那不是她惯常熟悉的药藤清苦,而是某种更沉、更热的生机,像地底下翻涌的岩浆裹着草根香。

她松开船桨,任木桨在水面划出半圆,抬头望去——

那座昨日还隐在晨雾里的石碑,此刻正立在离海岸三步远的礁石滩上。

碑体并非寻常的青灰或汉白,倒像被千年药藤的根须反复浸过,黑得发沉,表面光滑得能映出她眉峰的轮廓。

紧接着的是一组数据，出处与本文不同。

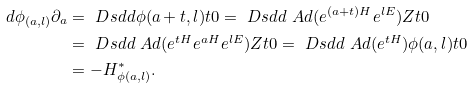<formula> <loc_0><loc_0><loc_500><loc_500>d \phi _ { ( a , l ) } \partial _ { a } & = \ D s d d { \phi ( a + t , l ) } { t } { 0 } = \ D s d d { \ A d ( e ^ { ( a + t ) H } e ^ { l E } ) Z } { t } { 0 } \\ & = \ D s d d { \ A d ( e ^ { t H } e ^ { a H } e ^ { l E } ) Z } { t } { 0 } = \ D s d d { \ A d ( e ^ { t H } ) \phi ( a , l ) } { t } { 0 } \\ & = - H ^ { * } _ { \phi ( a , l ) } .</formula> 
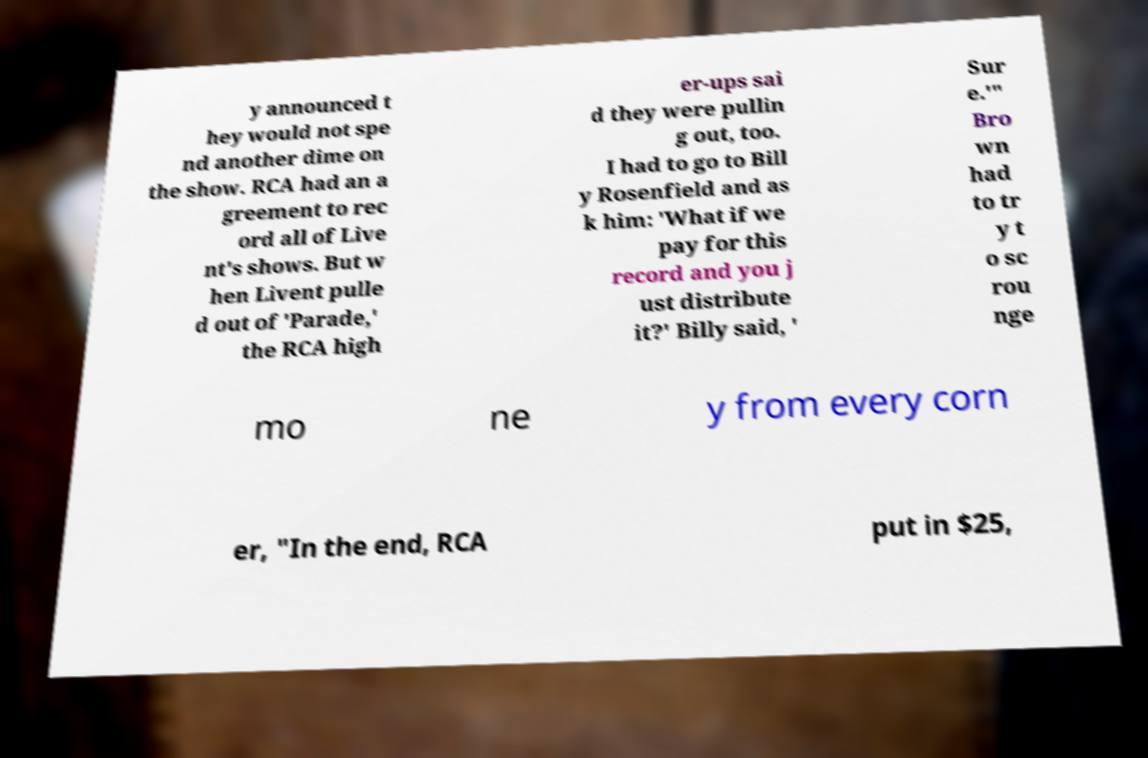What messages or text are displayed in this image? I need them in a readable, typed format. y announced t hey would not spe nd another dime on the show. RCA had an a greement to rec ord all of Live nt's shows. But w hen Livent pulle d out of 'Parade,' the RCA high er-ups sai d they were pullin g out, too. I had to go to Bill y Rosenfield and as k him: 'What if we pay for this record and you j ust distribute it?' Billy said, ' Sur e.'" Bro wn had to tr y t o sc rou nge mo ne y from every corn er, "In the end, RCA put in $25, 
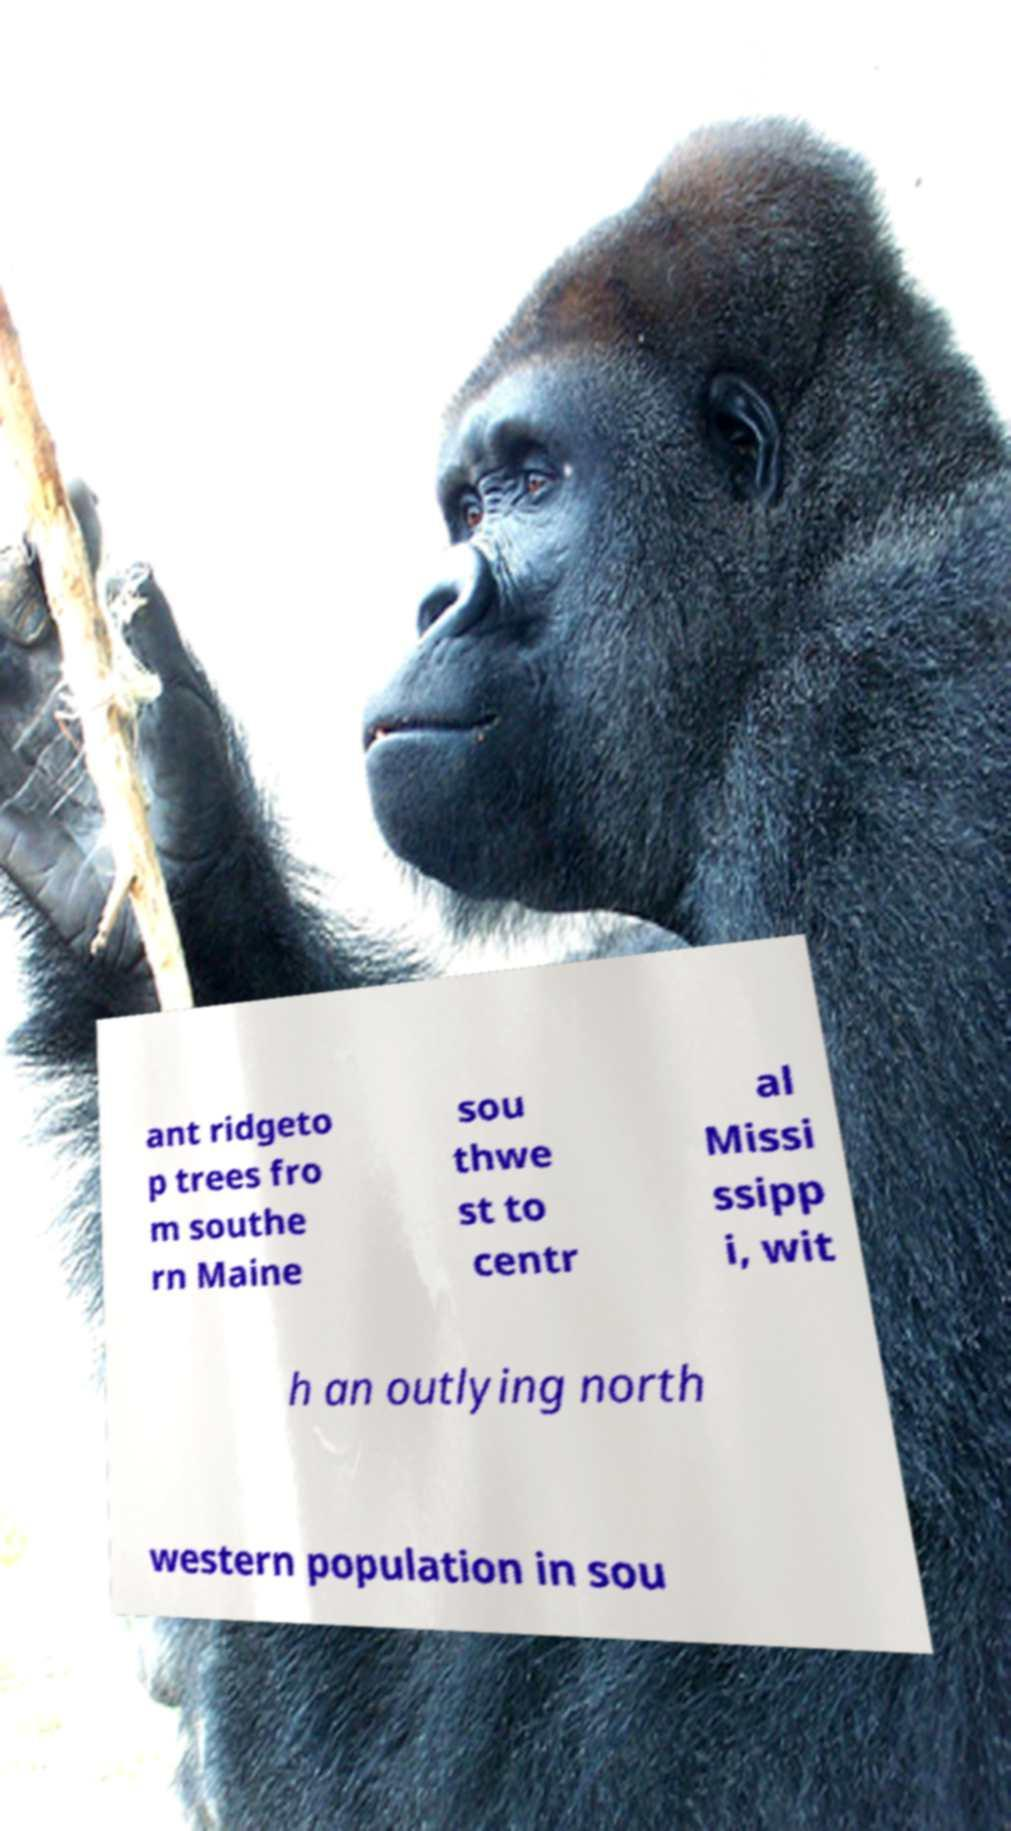What messages or text are displayed in this image? I need them in a readable, typed format. ant ridgeto p trees fro m southe rn Maine sou thwe st to centr al Missi ssipp i, wit h an outlying north western population in sou

最奇的是碑座与礁石相连的部分,能看见深褐的岩脉像活物般攀附而上,在碑底织成蛛网似的纹路。

“阿渊。”她侧头唤身后的人。

喻渊正俯身用船篙试探水浅处的暗礁,闻言抬眼,目光扫过石碑的刹那,指节在竹篙上微微一紧。

小舟擦着礁石靠岸时,喻渊先跳了上去。

他的玄色靴底碾过湿润的沙粒,却没急着靠近石碑,反而绕到碑后仔细看了一圈。

“没有凿痕。”他转身时,袖口沾了星点礁石上的苔痕,“岩脉是从海底直接拱上来的,碑体和礁石是同一块石头生出来的。”

殷璃跟着上岸,裙角扫过他方才站过的地方。

她望着那黑黢黢的碑身,忽然想起前世在终南山巅见过的“问天石”——传说那石头每三百年自裂一道纹,替凡人问天地不公。

可眼前这碑,纹路里浸着的分明是人间烟火气。

喻渊的手悬在碑面半寸处,又顿住。他偏头看她:“要试吗?”

“试。”殷璃应得利落。

她知道他在顾忌什么——这碑若真与医道命脉相连,贸然触碰怕是要引动天地气机。

可当喻渊的掌心贴上碑体的瞬间,两人同时吸了口气。

那不是冷硬的石温,倒像摸到了活物的皮肤。

地脉的震动顺着他的指尖往上窜,像无数细小的虫鸣在经脉里爬。

更奇的是他腰间悬着的《万问本草》书脊突然发烫,隔着三层衣料都能灼出红印——那是他用毕生医案抄成的典籍,封皮早被翻得发毛,此刻却像被谁喂了活气,书脊上的“万问”二字竟泛起金纹,与碑体里的震动同频。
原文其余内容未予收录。